From 8092f3f808991a339ce0a3835dc4fb7df9a9be7f Mon Sep 17 00:00:00 2001
From: wenyi-guo <wenyiguo@google.com>
Date: Tue, 2 Dec 2025 01:11:40 +0000
Subject: [PATCH 26/29] clean gitignore

---
 .gitignore | 3 +--
 1 file changed, 1 insertion(+), 2 deletions(-)

diff --git a/.gitignore b/.gitignore
index 2e927895..4e067da8 100644
--- a/.gitignore
+++ b/.gitignore
@@ -19,5 +19,4 @@ build/
 # Pycharm files
 .idea/
 
-venv/]
-venv_tf/
+venv/
\ No newline at end of file

From e8a12a6377a39049bbd0658147daa248a1d5c6c2 Mon Sep 17 00:00:00 2001
From: wenyi-guo <wenyiguo@google.com>
Date: Tue, 2 Dec 2025 20:51:12 +0000
Subject: [PATCH 27/29] format mypy

---
 keras_rs/src/metrics/ranking_metrics_utils.py | 4 ++--
 keras_rs/src/testing/test_case.py             | 8 +++++---
 keras_rs/src/utils/tpu_test_utils.py          | 2 +-
 3 files changed, 8 insertions(+), 6 deletions(-)

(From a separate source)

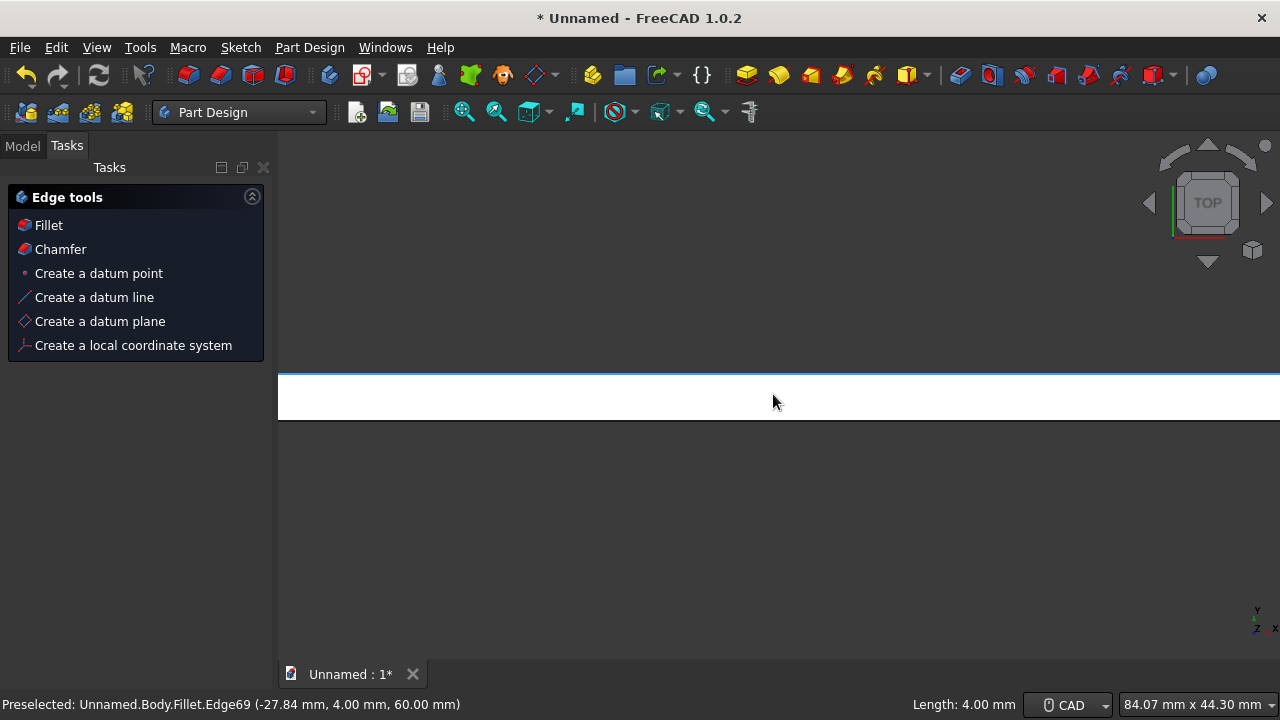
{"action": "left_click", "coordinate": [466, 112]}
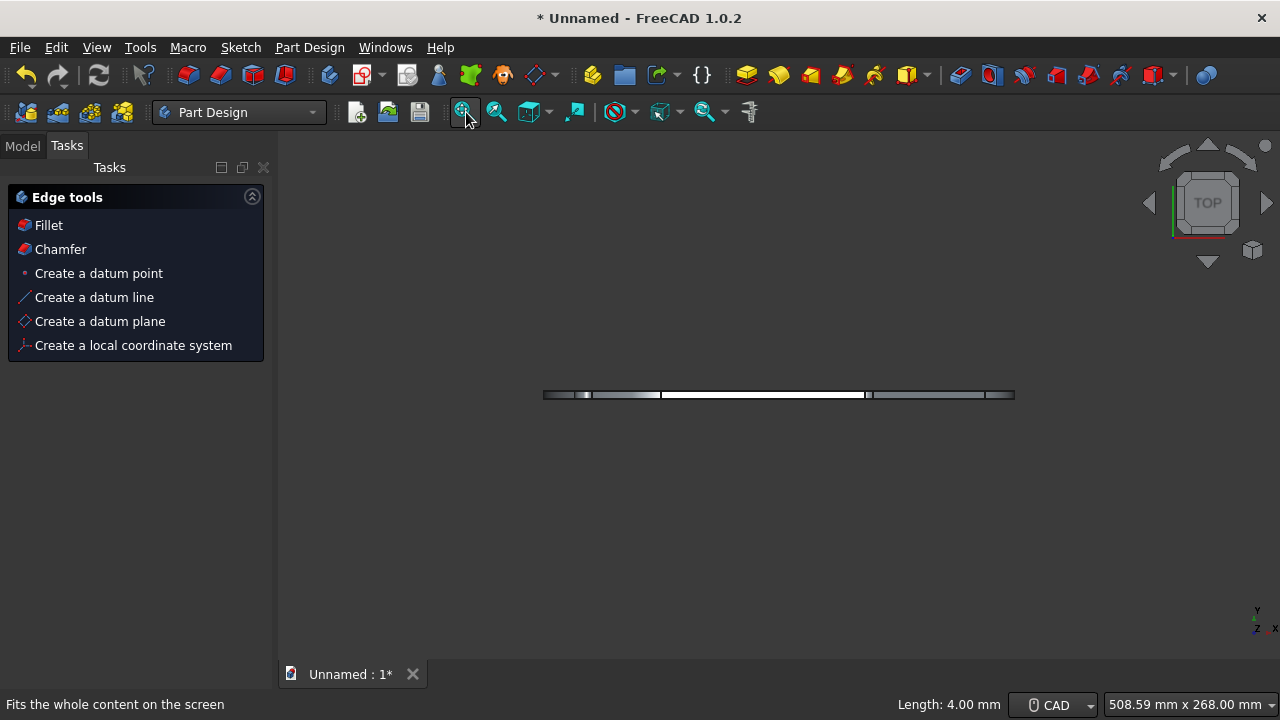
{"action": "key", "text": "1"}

diff --git a/keras_rs/src/metrics/ranking_metrics_utils.py b/keras_rs/src/metrics/ranking_metrics_utils.py
index ea3ddaaf..91712847 100644
--- a/keras_rs/src/metrics/ranking_metrics_utils.py
+++ b/keras_rs/src/metrics/ranking_metrics_utils.py
@@ -224,12 +224,12 @@ def get_list_weights(
     return final_weights
 
 
-@keras.saving.register_keras_serializable()  # type: ignore[misc]
+@keras.saving.register_keras_serializable()  # type: ignore[untyped-decorator]
 def default_gain_fn(label: types.Tensor) -> types.Tensor:
     return ops.subtract(ops.power(2.0, label), 1.0)
 
 
-@keras.saving.register_keras_serializable()  # type: ignore[misc]
+@keras.saving.register_keras_serializable()  # type: ignore[untyped-decorator]
 def default_rank_discount_fn(rank: types.Tensor) -> types.Tensor:
     return ops.divide(
         ops.cast(1, dtype=rank.dtype),
diff --git a/keras_rs/src/testing/test_case.py b/keras_rs/src/testing/test_case.py
index 29d7e2c4..7341e9eb 100644
--- a/keras_rs/src/testing/test_case.py
+++ b/keras_rs/src/testing/test_case.py
@@ -29,9 +29,11 @@ def setUp(self) -> None:
         if keras.backend.backend() == "tensorflow":
             tf.debugging.disable_traceback_filtering()
             if self.on_tpu:
-                scope = tpu_test_utils.get_shared_tpu_strategy().scope()
-                scope.__enter__()
-                self.addCleanup(lambda: scope.__exit__(None, None, None))
+                strategy = tpu_test_utils.get_shared_tpu_strategy()
+                if strategy is not None:
+                    scope = strategy.scope()
+                    scope.__enter__()
+                    self.addCleanup(lambda: scope.__exit__(None, None, None))
 
     @property
     def strategy(self) -> StrategyType:
diff --git a/keras_rs/src/utils/tpu_test_utils.py b/keras_rs/src/utils/tpu_test_utils.py
index 7d5be954..ecd69973 100644
--- a/keras_rs/src/utils/tpu_test_utils.py
+++ b/keras_rs/src/utils/tpu_test_utils.py
@@ -152,7 +152,7 @@ def run_with_strategy(
         sample_weight_value = kwargs.get("sample_weight", None)
         all_inputs = args + (sample_weight_value,)
 
-        @tf.function(jit_compile=jit_compile)  # type: ignore[misc]
+        @tf.function(jit_compile=jit_compile)  # type: ignore[untyped-decorator]
         def tf_function_wrapper(input_tuple: Tuple[Any, ...]) -> Any:
             num_original_args = len(args)
             core_args = input_tuple[:num_original_args]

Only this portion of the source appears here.